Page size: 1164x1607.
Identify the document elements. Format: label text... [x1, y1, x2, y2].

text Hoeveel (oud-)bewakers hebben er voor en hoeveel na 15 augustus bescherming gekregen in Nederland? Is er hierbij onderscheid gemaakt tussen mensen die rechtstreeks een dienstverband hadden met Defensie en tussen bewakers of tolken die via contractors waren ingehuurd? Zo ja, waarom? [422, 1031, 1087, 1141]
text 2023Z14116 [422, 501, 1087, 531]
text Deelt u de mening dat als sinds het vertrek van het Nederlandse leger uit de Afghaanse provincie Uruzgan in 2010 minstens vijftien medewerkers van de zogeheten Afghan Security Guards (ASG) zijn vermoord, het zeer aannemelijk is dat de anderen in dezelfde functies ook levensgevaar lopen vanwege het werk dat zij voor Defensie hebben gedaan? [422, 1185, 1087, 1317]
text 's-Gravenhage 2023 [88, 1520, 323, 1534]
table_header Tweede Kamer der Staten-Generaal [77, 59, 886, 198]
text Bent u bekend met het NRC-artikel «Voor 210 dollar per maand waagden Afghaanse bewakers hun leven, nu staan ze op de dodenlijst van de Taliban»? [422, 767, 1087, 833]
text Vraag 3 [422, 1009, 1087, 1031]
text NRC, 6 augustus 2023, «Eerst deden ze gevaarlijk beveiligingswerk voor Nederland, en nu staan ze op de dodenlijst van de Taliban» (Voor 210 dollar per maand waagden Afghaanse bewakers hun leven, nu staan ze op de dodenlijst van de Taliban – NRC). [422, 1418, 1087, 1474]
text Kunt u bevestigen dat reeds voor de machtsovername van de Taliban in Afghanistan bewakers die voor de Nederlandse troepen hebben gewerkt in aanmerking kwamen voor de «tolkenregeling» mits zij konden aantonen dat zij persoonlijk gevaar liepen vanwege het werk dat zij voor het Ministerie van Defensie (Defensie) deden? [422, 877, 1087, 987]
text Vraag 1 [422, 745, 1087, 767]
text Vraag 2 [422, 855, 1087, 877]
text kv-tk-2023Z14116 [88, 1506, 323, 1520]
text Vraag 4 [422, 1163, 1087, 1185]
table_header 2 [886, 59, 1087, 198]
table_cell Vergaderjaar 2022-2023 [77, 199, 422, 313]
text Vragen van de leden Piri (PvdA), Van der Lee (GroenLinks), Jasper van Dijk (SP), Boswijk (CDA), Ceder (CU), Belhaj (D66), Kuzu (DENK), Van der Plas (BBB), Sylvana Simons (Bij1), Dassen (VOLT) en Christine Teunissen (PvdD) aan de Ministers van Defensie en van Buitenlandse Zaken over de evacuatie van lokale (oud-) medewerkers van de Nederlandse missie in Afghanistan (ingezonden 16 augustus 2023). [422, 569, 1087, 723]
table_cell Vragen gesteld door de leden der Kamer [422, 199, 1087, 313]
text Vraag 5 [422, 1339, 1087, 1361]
+--
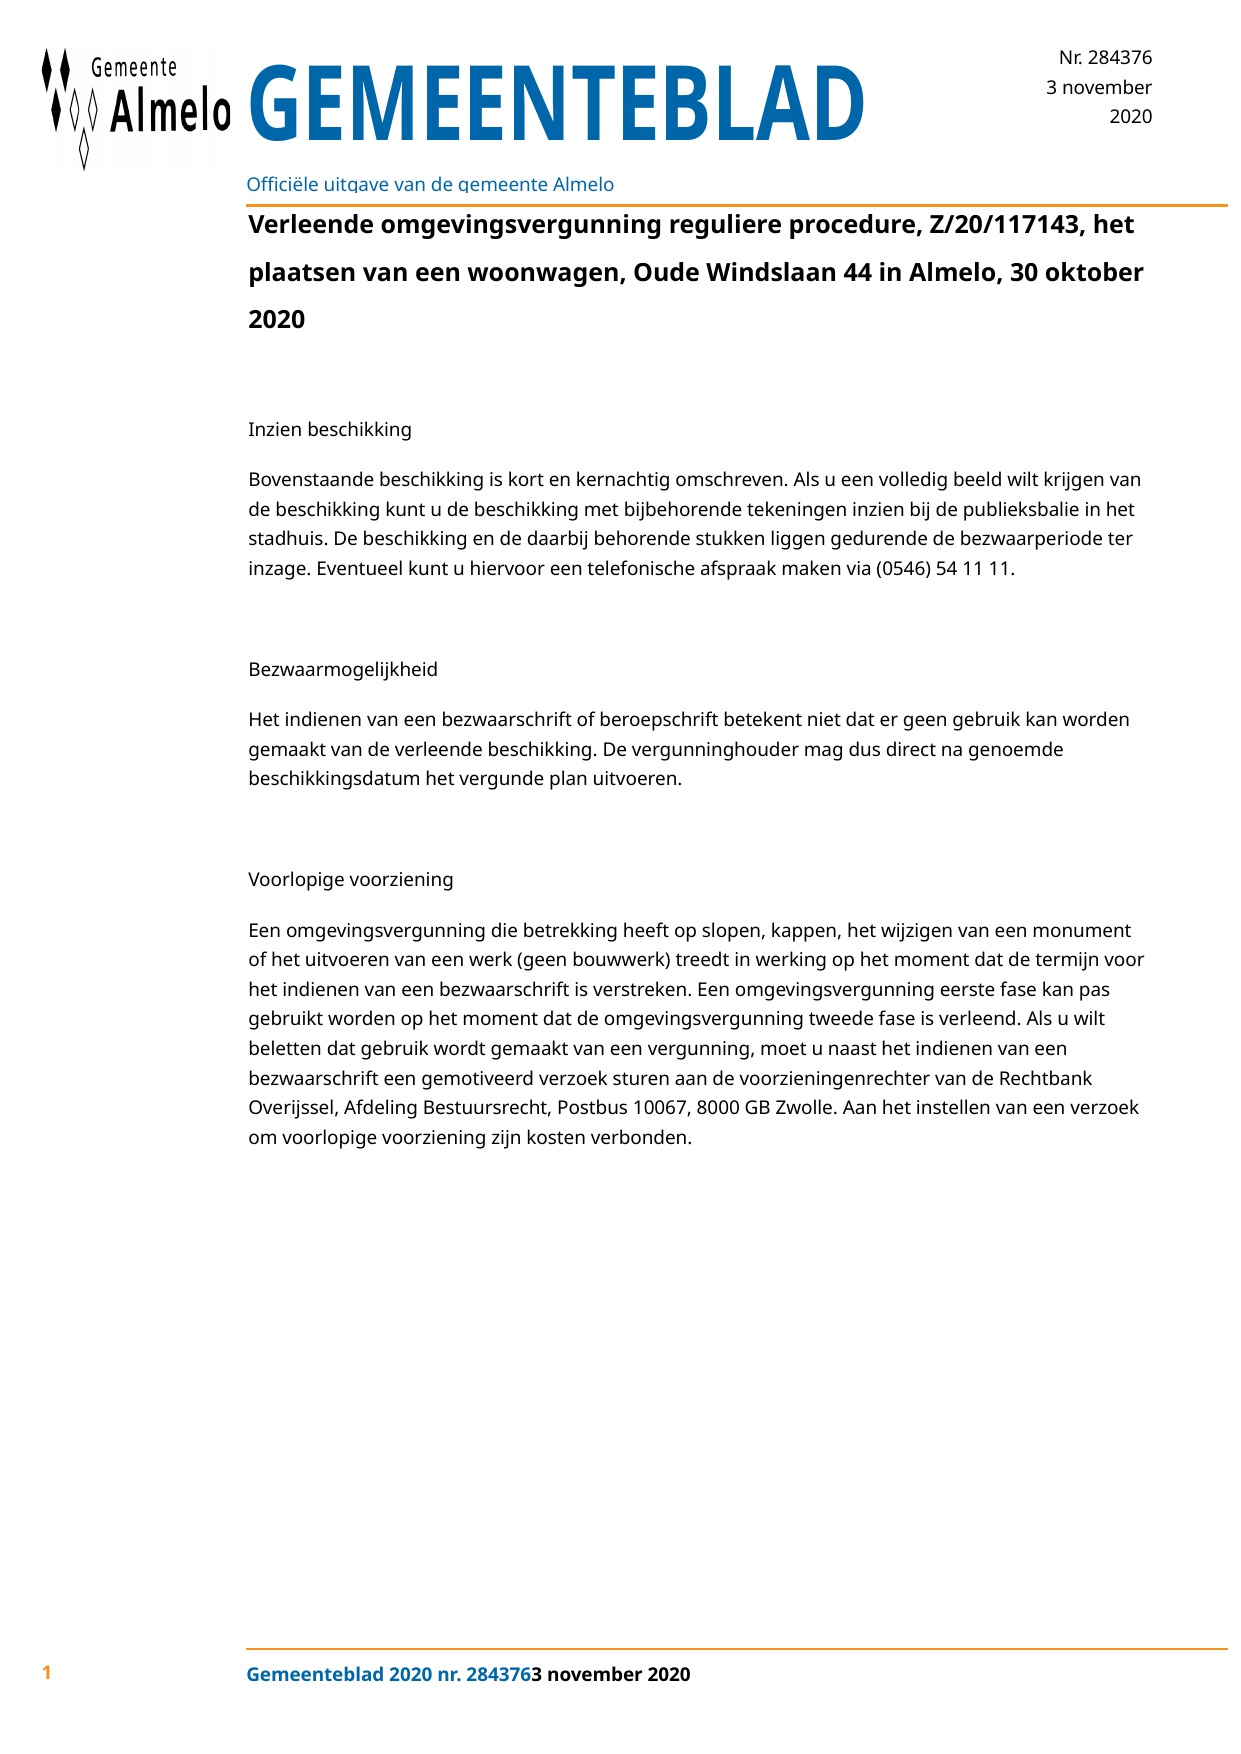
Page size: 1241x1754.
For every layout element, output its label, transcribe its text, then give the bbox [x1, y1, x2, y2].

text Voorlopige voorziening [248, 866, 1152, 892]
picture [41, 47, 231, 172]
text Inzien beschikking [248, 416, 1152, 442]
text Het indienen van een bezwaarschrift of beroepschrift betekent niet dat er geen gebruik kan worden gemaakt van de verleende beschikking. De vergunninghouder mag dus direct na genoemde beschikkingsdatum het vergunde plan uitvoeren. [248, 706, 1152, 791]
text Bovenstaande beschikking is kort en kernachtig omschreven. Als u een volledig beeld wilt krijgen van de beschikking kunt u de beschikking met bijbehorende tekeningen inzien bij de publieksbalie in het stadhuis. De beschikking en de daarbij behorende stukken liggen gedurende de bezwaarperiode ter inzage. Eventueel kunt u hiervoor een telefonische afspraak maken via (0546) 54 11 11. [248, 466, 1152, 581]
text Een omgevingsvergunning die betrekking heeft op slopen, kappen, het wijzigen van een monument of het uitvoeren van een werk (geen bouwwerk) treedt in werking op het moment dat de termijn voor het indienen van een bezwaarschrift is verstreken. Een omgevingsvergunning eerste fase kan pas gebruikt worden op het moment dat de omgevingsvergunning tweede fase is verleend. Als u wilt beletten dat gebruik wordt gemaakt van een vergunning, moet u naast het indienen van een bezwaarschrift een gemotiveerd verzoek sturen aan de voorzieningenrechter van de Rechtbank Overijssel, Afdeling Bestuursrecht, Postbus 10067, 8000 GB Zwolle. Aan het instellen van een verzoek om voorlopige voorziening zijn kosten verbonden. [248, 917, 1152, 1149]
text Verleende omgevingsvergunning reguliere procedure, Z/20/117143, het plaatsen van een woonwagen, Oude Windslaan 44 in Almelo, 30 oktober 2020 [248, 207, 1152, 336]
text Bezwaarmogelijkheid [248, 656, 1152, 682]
+--
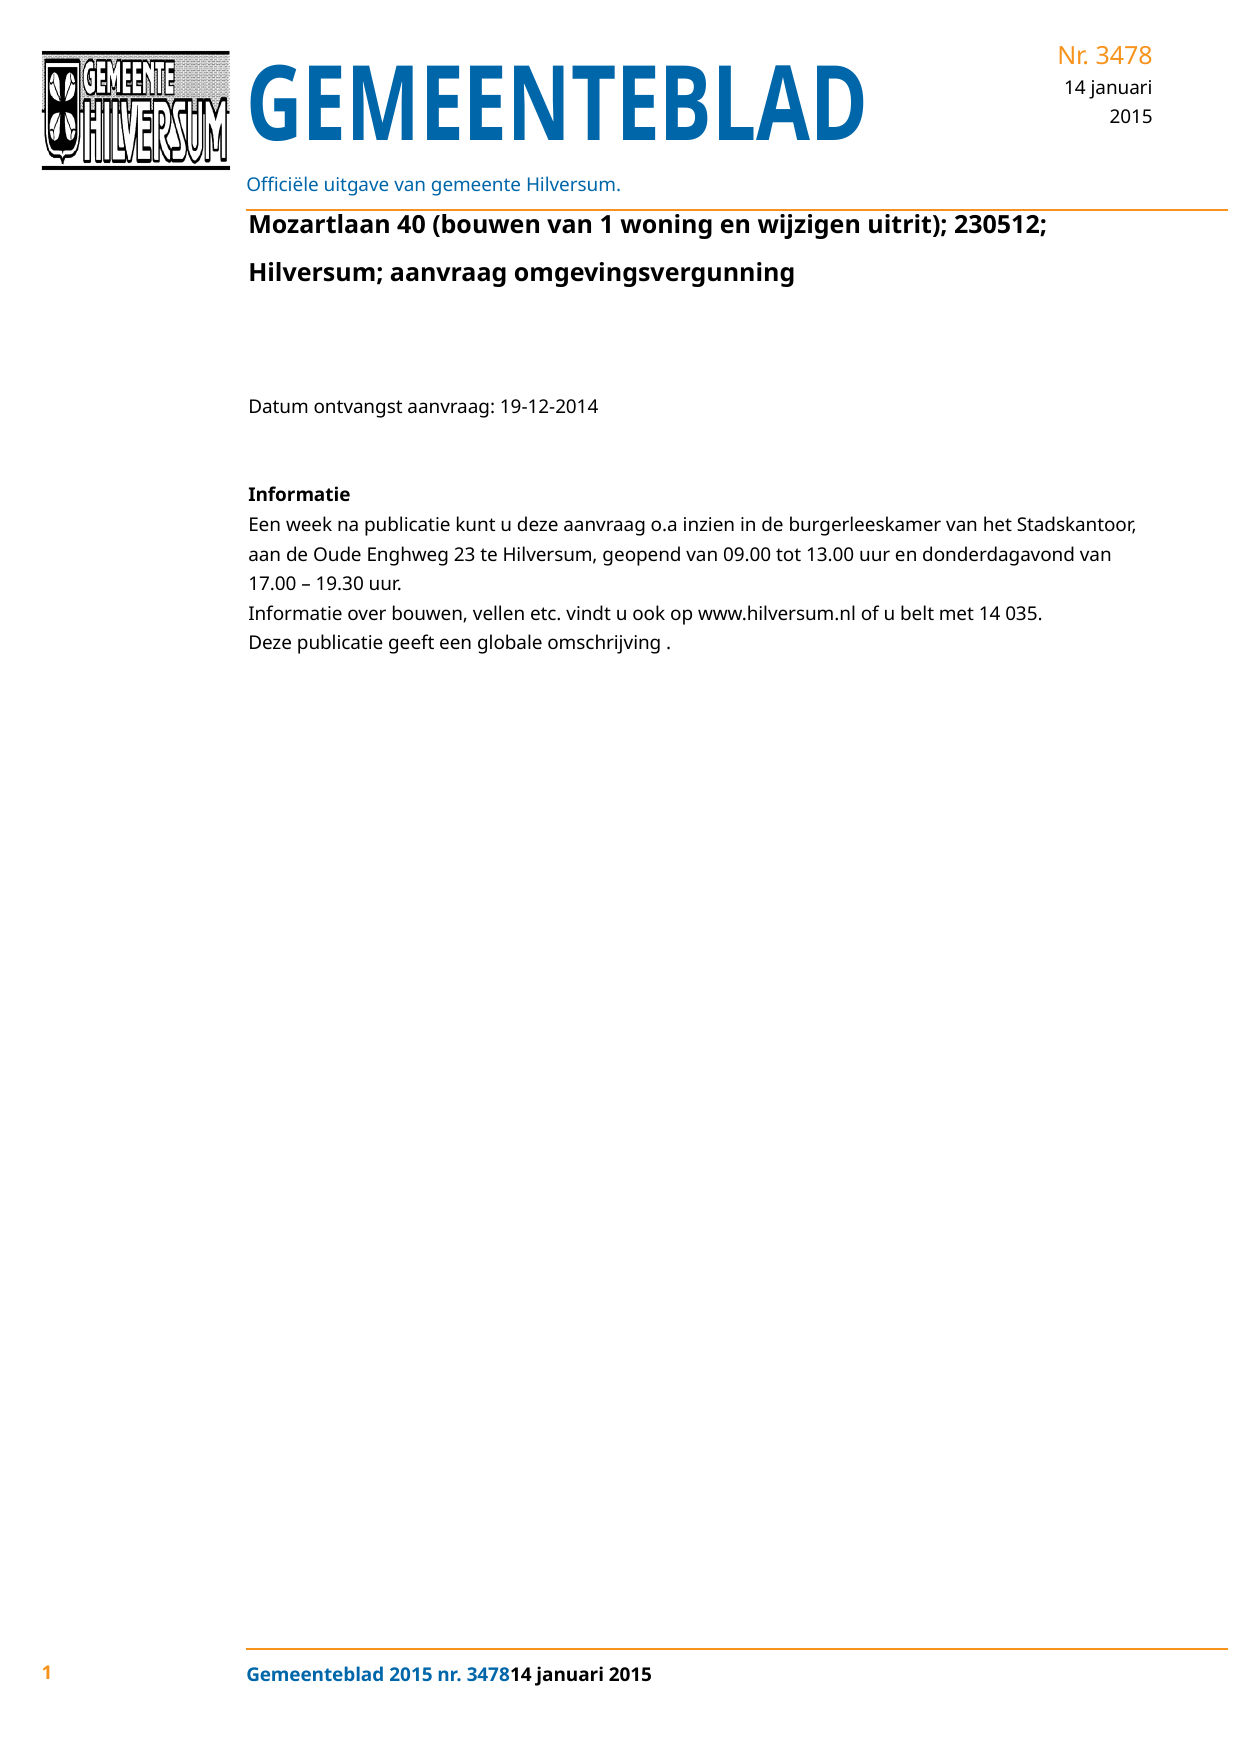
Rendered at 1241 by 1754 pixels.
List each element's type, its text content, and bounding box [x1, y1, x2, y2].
+--
## What you need to do
The expected answer is every line above in which the word "size" appears.

## Solution to this task
Page size: 1164x1607.
Page size: 1241x1754.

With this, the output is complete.